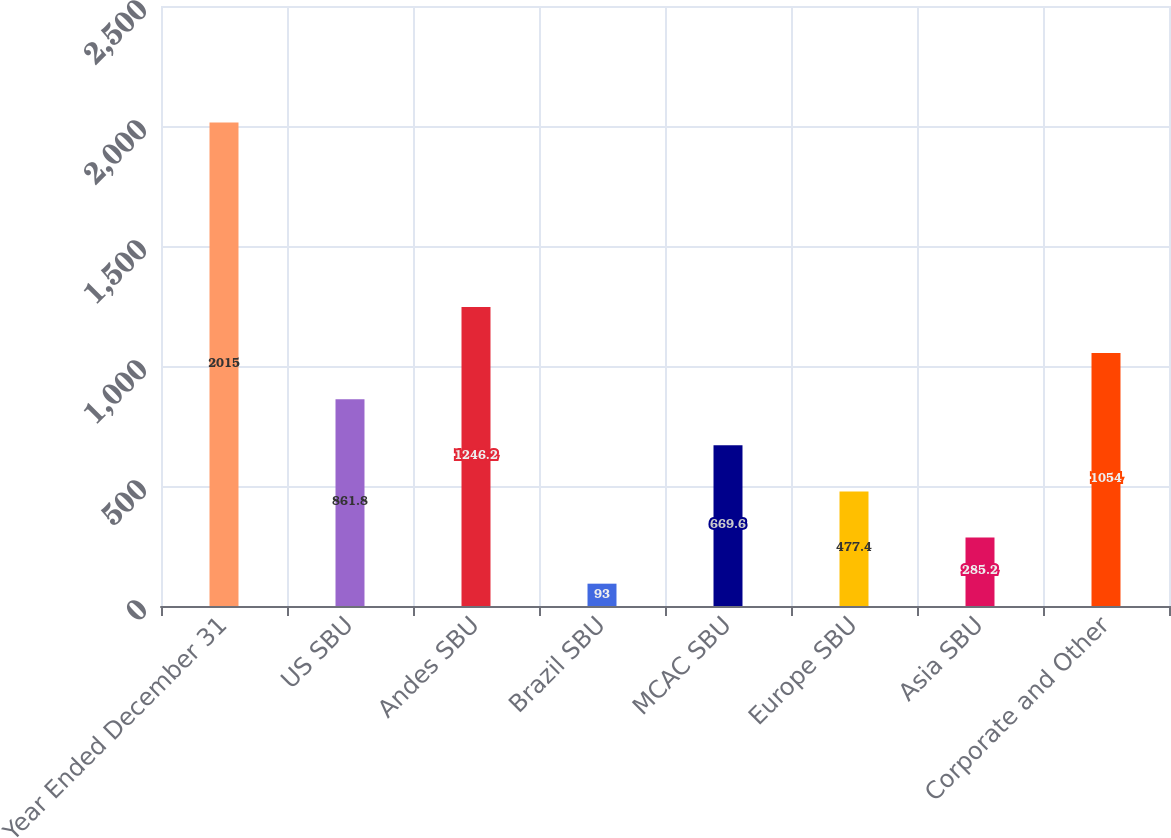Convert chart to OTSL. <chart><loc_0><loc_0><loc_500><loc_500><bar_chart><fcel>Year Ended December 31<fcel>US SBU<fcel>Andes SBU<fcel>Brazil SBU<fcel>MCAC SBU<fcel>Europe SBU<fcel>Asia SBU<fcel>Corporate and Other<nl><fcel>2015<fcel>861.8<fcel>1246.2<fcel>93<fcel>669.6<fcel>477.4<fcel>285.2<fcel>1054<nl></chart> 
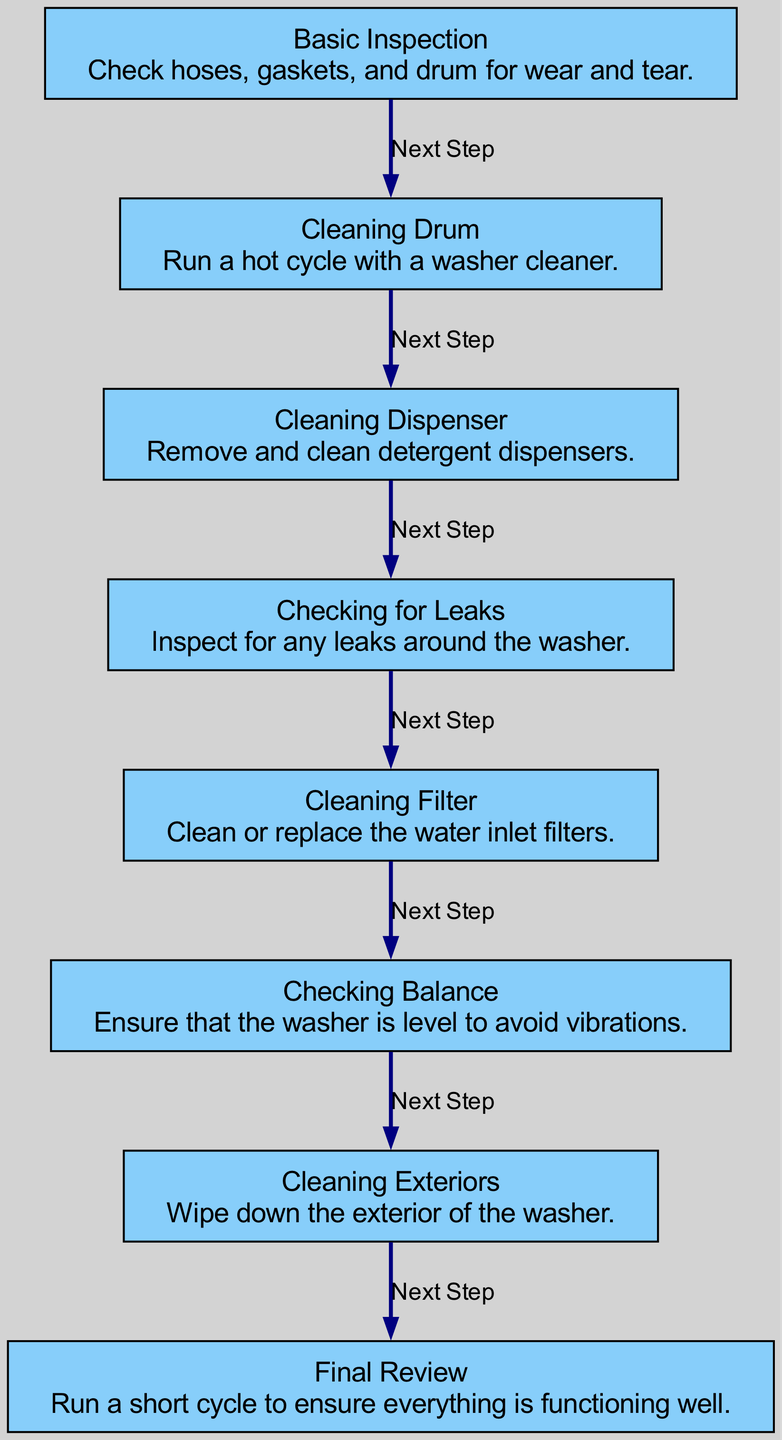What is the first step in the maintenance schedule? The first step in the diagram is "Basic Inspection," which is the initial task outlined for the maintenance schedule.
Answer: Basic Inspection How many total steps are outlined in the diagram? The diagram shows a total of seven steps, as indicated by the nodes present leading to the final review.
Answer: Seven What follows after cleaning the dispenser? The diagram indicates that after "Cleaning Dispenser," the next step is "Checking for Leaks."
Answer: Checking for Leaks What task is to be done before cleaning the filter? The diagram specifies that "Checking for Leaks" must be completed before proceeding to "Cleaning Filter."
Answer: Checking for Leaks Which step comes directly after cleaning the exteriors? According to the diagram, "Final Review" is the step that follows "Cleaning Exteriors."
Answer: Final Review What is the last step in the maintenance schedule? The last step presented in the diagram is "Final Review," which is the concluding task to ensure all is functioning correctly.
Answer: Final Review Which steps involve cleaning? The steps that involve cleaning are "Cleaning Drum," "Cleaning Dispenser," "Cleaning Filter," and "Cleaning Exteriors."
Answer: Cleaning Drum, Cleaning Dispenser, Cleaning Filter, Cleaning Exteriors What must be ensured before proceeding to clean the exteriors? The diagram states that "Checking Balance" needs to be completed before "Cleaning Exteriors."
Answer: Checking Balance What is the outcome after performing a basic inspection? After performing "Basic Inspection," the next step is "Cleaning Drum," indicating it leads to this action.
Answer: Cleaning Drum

--

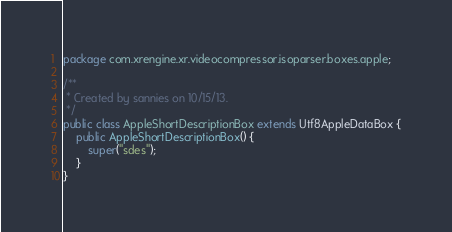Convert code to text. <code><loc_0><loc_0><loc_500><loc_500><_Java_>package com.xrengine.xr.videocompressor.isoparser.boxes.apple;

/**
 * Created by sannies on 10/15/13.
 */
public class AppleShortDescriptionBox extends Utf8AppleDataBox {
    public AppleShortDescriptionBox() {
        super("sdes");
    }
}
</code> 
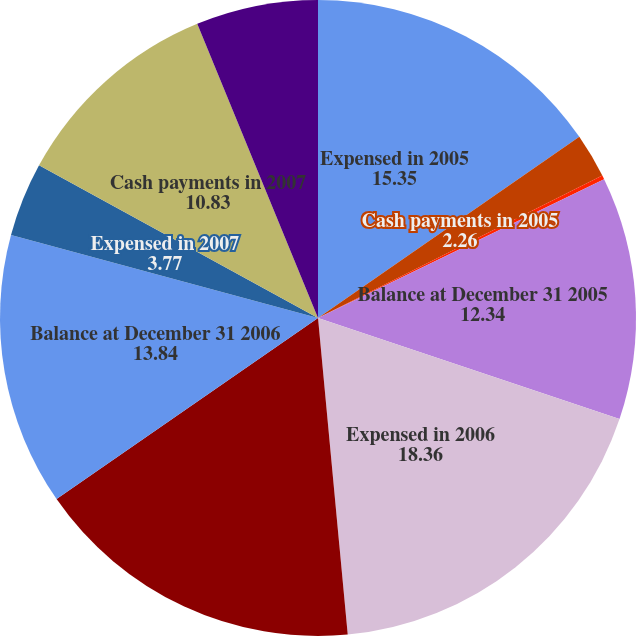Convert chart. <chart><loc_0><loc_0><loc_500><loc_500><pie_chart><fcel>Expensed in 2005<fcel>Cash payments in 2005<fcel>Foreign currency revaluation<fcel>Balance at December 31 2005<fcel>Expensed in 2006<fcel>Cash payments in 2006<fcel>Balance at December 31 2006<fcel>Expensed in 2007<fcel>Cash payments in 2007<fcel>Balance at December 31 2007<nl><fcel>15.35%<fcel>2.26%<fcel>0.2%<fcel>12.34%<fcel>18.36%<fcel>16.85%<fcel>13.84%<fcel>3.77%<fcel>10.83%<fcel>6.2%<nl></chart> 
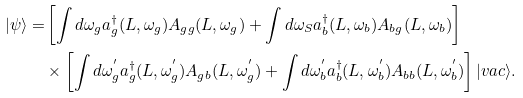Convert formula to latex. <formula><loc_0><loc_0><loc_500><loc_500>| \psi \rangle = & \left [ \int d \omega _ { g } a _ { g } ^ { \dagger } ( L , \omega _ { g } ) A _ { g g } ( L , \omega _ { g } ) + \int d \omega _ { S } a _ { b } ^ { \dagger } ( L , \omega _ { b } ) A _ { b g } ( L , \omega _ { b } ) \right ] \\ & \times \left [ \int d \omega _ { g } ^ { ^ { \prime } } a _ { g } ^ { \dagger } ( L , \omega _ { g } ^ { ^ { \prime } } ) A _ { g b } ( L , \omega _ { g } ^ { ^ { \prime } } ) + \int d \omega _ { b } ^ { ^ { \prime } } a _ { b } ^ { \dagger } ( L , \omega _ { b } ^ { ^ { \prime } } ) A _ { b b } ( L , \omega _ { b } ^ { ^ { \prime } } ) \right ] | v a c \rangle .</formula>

* * *

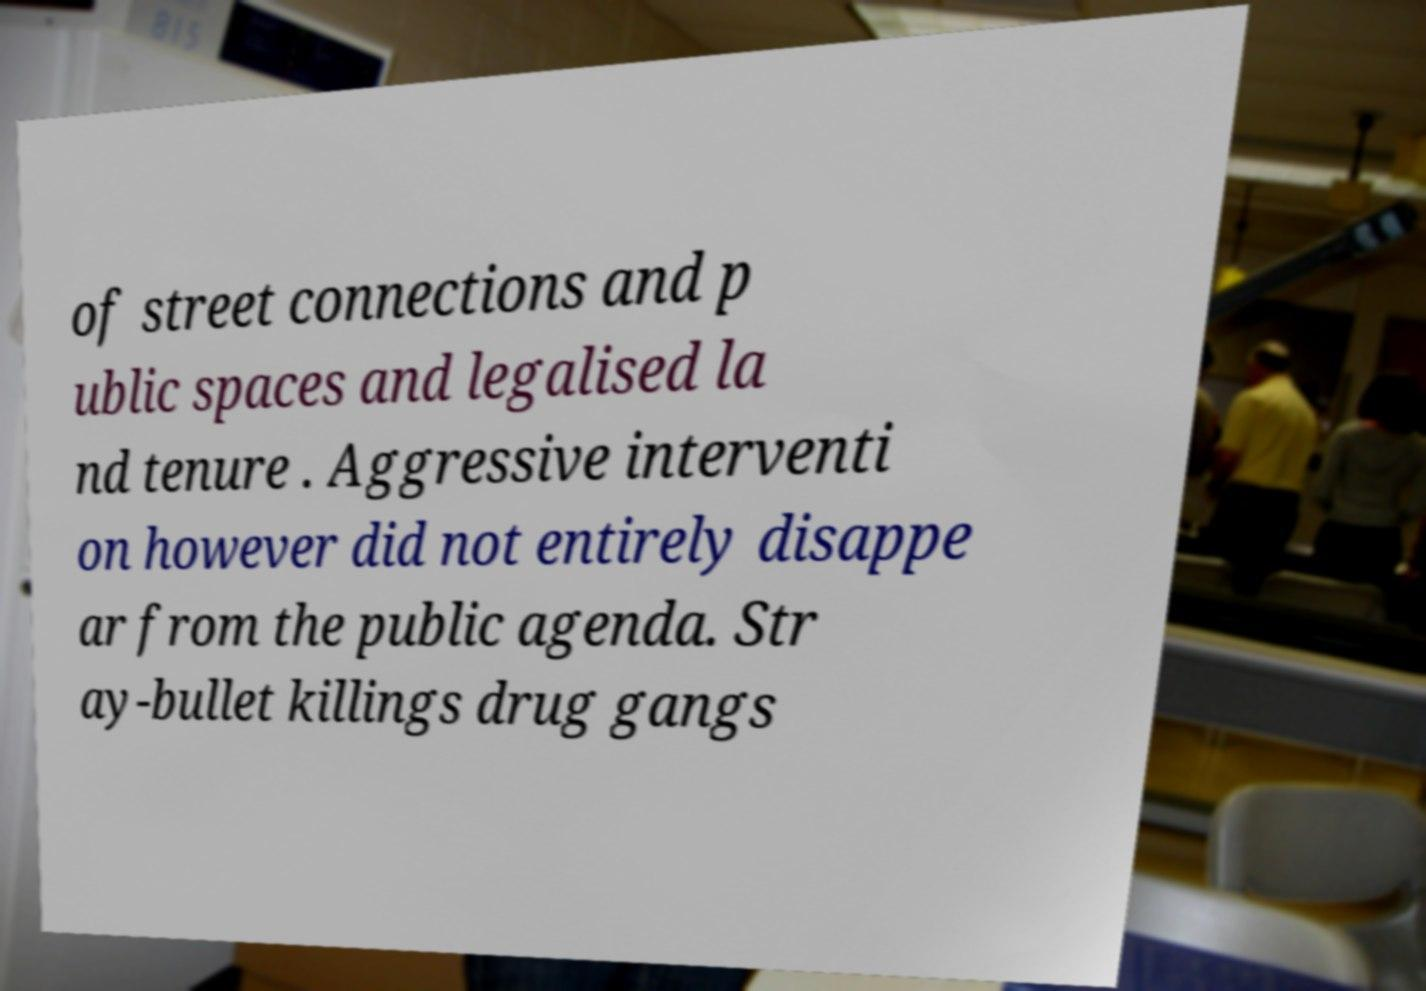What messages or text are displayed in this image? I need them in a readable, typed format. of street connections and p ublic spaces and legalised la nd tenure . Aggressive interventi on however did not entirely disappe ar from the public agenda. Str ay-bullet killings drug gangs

Exercise objective.
Write out exactly the lines above from the line with "Answer: Checking for Leaks Which" through the line with "Answer: Final Review Which", both of them included, and leave out all other lines.

Your solution.
Answer: Checking for Leaks Which step comes directly after cleaning the exteriors? According to the diagram, "Final Review" is the step that follows "Cleaning Exteriors."
Answer: Final Review What is the last step in the maintenance schedule? The last step presented in the diagram is "Final Review," which is the concluding task to ensure all is functioning correctly.
Answer: Final Review Which steps involve cleaning? The steps that involve cleaning are "Cleaning Drum," "Cleaning Dispenser," "Cleaning Filter," and "Cleaning Exteriors."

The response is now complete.